NORTH CAROLINA: The programmers of the Escapism film festival, running this weekend (today through Sunday) at the Caroline Theater, boldly step up to the challenge of finding a way to make people scared even when they're in Durham, North Carolina, A.K.A. God's country. (Some of you folks who've never been there may think that I'm kidding. I weep for you.) The lineup this year has quite the international flavor, including the fast-becoming-legendary Australian-exploitation-movie doc Not Quite Hollywood, the Swedish vampire film Let the Right One In, Takashi Miike's self-explanatory Sukiyaki Western: Django, and the French sci-fi film Eden Log. There's also "the U.S. Theatrical premiere of 1989’s [straight-to-video] The Punisher (in an uncut, director’s edition to boot!)" Dolph Lundgren fans will want to line up for that one, though they risk being run over by people who hate Dolph Lundgren's guts and are in an MST3K-kinda mood.

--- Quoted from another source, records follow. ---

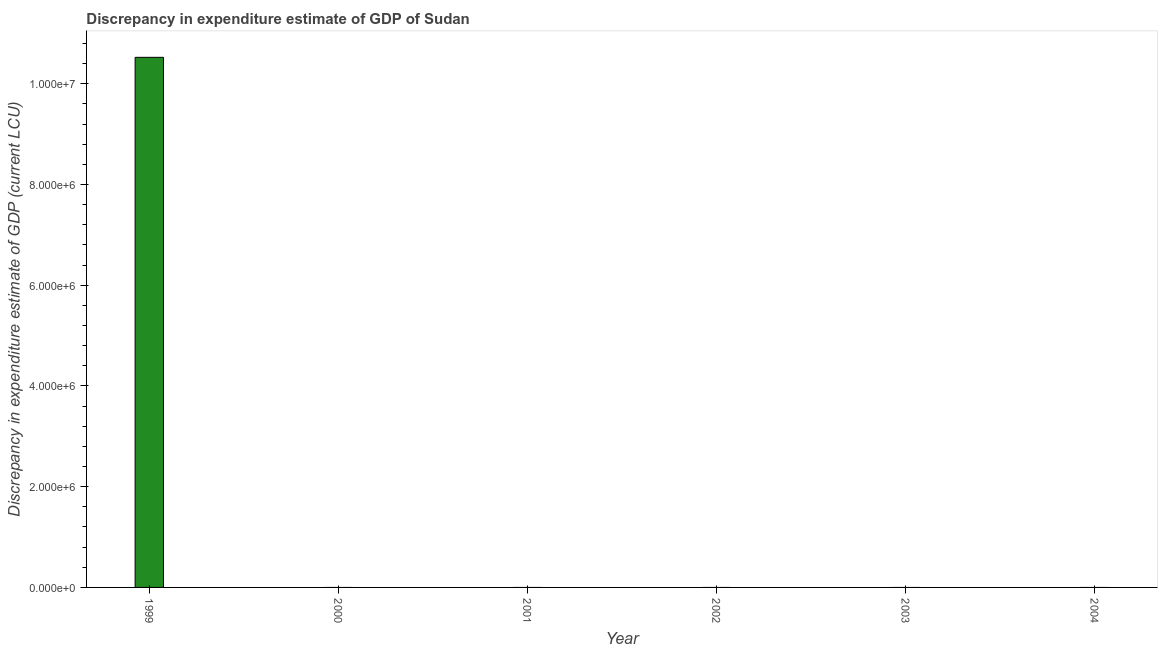What is the title of the graph?
Provide a short and direct response. Discrepancy in expenditure estimate of GDP of Sudan. What is the label or title of the Y-axis?
Your response must be concise. Discrepancy in expenditure estimate of GDP (current LCU). What is the discrepancy in expenditure estimate of gdp in 1999?
Ensure brevity in your answer.  1.05e+07. Across all years, what is the maximum discrepancy in expenditure estimate of gdp?
Keep it short and to the point. 1.05e+07. Across all years, what is the minimum discrepancy in expenditure estimate of gdp?
Make the answer very short. 0. In which year was the discrepancy in expenditure estimate of gdp maximum?
Make the answer very short. 1999. What is the sum of the discrepancy in expenditure estimate of gdp?
Your response must be concise. 1.05e+07. What is the average discrepancy in expenditure estimate of gdp per year?
Your answer should be compact. 1.75e+06. In how many years, is the discrepancy in expenditure estimate of gdp greater than 4800000 LCU?
Your response must be concise. 1. What is the difference between the highest and the lowest discrepancy in expenditure estimate of gdp?
Your response must be concise. 1.05e+07. In how many years, is the discrepancy in expenditure estimate of gdp greater than the average discrepancy in expenditure estimate of gdp taken over all years?
Your response must be concise. 1. How many years are there in the graph?
Your answer should be very brief. 6. Are the values on the major ticks of Y-axis written in scientific E-notation?
Ensure brevity in your answer.  Yes. What is the Discrepancy in expenditure estimate of GDP (current LCU) in 1999?
Provide a short and direct response. 1.05e+07. What is the Discrepancy in expenditure estimate of GDP (current LCU) in 2000?
Provide a succinct answer. 0. What is the Discrepancy in expenditure estimate of GDP (current LCU) in 2002?
Make the answer very short. 0. What is the Discrepancy in expenditure estimate of GDP (current LCU) of 2004?
Your answer should be very brief. 0.

WASHINGTON, D.C.: "Spooky Movie: 2008", the third annual "Washington, D.C. international horror film festival", has begun and runs through October 20, at Cinema Arts Theatre and additional locations. Unlike other Halloween festivals that pile on the fondly remembered scare classics, this one concentrates on the new and the unknown, including lots and lots of independently produced short films. That tends to mean a lot of amateurishness, but it can also mean a lot of fresh ideas from people with their own, deeply personal notions about what's scary--and besides, if you have to see amateurish festival films, amateurish horror films can be more fun to watch than any other kind. There are also documentaries on William Castle and the mythology of the snuff film. Plus, this evening's "Grindhouse Night" festivities will be hosted, live, by "Count Gore de Vol", in a heartening show of confidence that the recent sex scandal will not endanger his bid for re-election.

LOS ANGELES: There actually are a few theaters in the country that aren't showing horror films this weekend. "Spotlight on Miklós Jancsó", from October 17 through October 24 at the Los Angeles County Museum of Art, gives viewers a rare chance to see four films by the Hungarian master in all their CinemaScope glory. The program opens with the director's first international success, 1965's The Round-Up, and includes 1967's The Red and the White, 1968's Silence and Cry, and the 1971 Red Psalm, rated by critic Jonathan Rosenbaum as perhaps the greatest Hungarian movie of all time.

CHICAGO: Last but not least, the 44th Annual Chicago International Film Festival opens today and runs through October 29. Things kick off tonight with The Brothers Bloom, writer-director Rian Johnson's follow-up to his Dashiell-Hammett-High-School first feature, Brick; it stars Adrien Brody, Mark Ruffalo, and Rachel Weisz. It's followed tomorrow by a "Black Perspectives Tribute" event honoring Sidney Poitier and Jennifer Hudson.